Beyond this subtle design point, the rest of the element structure is relatively straightforward. The other interesting features of this structure are in the "Payment" element. This element presents a binary decision between the credit card and purchase order payment methods with the "Card" and "PO" subelements. The "PO" subelement allows for an optional list of "Authorization" elements. This list enables the application to keep track of any employee as well as the customer who authorized the PO. If there is a dispute about payment, maintaining this information could be very important.

The attribute specification reveals the flexibility available to document designers. "currency" and "lineOrder" may both have character data values, but "currency" has a default value, whereas "lineOrder" is optional. "source," "addressType," "category," and "cardType" are all enumerated types, but the document must explicitly assign an option to "source," "cat," and "cardType," whereas "addType" has a default value.

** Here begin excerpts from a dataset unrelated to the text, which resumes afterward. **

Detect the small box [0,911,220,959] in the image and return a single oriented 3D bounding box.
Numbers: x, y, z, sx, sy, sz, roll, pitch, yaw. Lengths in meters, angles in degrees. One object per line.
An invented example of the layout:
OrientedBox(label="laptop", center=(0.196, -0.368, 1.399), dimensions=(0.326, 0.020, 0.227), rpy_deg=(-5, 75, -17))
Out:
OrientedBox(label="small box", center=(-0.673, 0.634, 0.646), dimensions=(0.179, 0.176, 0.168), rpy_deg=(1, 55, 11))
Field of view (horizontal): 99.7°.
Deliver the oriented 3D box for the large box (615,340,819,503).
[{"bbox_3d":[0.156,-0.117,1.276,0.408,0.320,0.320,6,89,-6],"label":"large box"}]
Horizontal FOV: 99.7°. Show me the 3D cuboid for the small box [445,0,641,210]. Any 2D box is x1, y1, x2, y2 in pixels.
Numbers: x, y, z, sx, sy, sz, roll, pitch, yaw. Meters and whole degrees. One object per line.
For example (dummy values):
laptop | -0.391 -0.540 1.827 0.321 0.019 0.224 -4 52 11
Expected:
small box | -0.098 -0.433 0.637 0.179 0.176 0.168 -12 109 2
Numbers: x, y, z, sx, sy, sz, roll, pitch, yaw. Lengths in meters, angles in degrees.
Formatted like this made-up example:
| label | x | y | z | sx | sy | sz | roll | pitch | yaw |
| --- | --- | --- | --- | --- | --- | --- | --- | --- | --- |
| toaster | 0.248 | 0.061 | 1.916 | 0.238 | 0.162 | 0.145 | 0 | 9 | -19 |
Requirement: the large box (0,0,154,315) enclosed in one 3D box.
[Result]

The required "ID" attribute of ID type for the "LineItem" element enables an application using an order document to identify uniquely any particular "LineItem" element by this attribute.

Although the DTD in Example 2-9 is somewhat long and modestly complex, it is still relatively simple in comparison with DTDs used in actual applications. You could imagine the necessary complexity of DTDs for documents for financial wire transfers, telecommunications service provisioning, and medical records. Designing DTDs that cover all the possible document cases as well as allowing for future enhancements is one of the crucial steps in deploying effective XML applications.

As organizations have attempted to design DTDs for some of these sophisticated domains, they have found DTDs lacking important features. The inability to specify the datatype of element and attribute values with enough precision to ensure compatibility with programming languages and databases is perhaps the biggest drawback. But the lack of other features such as finer cardinality constraints on elements, range checking on values, and specifying reusable structures also create the need for a more sophisticated alternative. Chapter 3 discusses how XML Schema provides this alternative.